Your US passport can be revoked over child support debt — Thousands affected under new crackdown
The US State Department will revoke passports of parents owing over $100,000 in child support, impacting about 2,700 individuals.
THE US State Department will revoke the passports of thousands of parents who have substantial unpaid child support debts.
Officials told the Associated Press on Thursday that passport revocations will begin on Friday and will target individuals owing $100,000 or more in unpaid child support.
Based on data from the Department of Health and Human Services, the move is expected to affect around 2,700 American passport holders.
Here's what the US State Department said
The revocation programme, plans for which were first reported by the AP in February, soon will be greatly expanded to cover parents who owe more than $2,500 in unpaid child support - the threshold set by a little-enforced 1996 law, the State Department said.
It was not clear on Thursday how many passport holders owe more than $2,500 because HHS is still collecting data from state agencies that track the figures, but it could encompass many more thousands of people, officials said, as reported by AP.
Until this week, only those who applied to renew their passports were subject to the penalty. Under the new policy, HHS will inform the State Department of all past-due payments of more than $2,500, and parents in that group with passports will have their documents revoked, the department said.
"We are expanding a commonsense practice that has been proven effective at getting those who owe child support to pay their debt," Assistant Secretary of State for Consular Affairs Mora Namdar said. "Once these parents resolve their debts, they can once again enjoy the privilege of a US passport."
Since the AP reported the expansion of the programme on 10 February, the department said it had “seen data that hundreds of parents took action and resolved their arrears with state authorities since news broke that the State Department would start proactively revoking passports.”
"While we can't confirm the causation in all of those cases, we are taking this action precisely to impel these parents to do the right thing by their children and by US law," the department said.
Even before the policy was expanded, the department said the programme had been a "powerful tool" to get parents to pay what they owed.

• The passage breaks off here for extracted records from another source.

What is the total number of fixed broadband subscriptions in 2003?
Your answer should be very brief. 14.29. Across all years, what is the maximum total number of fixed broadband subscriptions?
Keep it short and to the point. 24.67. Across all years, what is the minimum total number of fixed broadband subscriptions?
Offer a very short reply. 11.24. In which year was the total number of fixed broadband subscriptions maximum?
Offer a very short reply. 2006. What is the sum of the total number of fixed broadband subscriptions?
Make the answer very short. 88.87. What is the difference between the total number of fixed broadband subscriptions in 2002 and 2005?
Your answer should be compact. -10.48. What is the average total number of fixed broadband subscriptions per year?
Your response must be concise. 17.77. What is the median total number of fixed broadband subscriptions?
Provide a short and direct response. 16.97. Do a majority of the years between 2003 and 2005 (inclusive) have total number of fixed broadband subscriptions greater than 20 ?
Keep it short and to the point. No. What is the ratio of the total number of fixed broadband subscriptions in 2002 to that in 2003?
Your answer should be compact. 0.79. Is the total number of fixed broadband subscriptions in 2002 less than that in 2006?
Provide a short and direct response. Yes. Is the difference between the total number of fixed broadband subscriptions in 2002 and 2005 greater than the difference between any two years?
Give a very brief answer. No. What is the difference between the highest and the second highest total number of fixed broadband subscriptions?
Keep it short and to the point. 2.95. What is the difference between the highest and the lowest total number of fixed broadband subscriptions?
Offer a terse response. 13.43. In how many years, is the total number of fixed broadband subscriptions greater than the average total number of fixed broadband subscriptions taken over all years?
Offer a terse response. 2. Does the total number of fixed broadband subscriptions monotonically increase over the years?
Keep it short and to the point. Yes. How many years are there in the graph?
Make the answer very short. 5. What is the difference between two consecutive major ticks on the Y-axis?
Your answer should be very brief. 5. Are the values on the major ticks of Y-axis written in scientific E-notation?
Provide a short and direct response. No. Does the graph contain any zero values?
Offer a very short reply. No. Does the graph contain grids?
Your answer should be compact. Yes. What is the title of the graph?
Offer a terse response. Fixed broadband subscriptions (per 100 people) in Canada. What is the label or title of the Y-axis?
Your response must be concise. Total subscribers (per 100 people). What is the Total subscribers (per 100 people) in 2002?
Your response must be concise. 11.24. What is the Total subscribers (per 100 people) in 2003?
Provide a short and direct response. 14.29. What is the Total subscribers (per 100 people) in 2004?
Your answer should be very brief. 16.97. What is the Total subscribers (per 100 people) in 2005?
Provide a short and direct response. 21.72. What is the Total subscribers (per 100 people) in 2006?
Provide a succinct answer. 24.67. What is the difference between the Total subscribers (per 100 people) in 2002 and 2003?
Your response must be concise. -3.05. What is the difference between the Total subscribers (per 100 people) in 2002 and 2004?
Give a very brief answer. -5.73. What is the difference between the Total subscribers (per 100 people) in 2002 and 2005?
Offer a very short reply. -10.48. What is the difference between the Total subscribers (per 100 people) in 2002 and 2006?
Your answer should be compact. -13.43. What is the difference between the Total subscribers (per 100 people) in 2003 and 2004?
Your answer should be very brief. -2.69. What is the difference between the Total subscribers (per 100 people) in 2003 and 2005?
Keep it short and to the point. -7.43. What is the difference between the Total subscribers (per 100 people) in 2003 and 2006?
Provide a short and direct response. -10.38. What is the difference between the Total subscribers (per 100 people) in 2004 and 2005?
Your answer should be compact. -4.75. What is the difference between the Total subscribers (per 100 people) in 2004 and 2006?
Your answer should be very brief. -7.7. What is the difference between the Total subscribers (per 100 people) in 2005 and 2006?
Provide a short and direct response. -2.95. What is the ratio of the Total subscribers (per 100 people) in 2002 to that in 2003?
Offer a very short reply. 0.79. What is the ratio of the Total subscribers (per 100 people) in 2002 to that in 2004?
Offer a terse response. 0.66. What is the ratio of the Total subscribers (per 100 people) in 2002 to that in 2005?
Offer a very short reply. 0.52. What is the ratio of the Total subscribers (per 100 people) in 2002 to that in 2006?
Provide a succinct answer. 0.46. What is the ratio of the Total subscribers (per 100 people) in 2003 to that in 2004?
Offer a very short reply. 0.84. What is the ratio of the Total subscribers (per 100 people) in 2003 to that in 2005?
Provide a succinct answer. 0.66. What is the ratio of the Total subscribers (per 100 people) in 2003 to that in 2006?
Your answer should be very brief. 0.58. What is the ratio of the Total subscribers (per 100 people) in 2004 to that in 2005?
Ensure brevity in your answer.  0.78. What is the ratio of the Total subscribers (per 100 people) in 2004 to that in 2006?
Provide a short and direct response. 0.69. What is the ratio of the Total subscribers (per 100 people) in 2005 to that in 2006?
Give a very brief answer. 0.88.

It said that since it began in earnest in 1998, states had collected some $657 million in arrears, including more than $156 million in over 24,000 individual lump-sum payments over the past five years.
Those whose passports are revoked under the programme will be notified that they will not be able to use their documents for travel and will have to apply for a new passport once their arrears are confirmed as paid.
A passport holder who is abroad at the time of revocation will need to visit a US embassy or consulate to obtain an emergency travel document that allows them to return to the United States.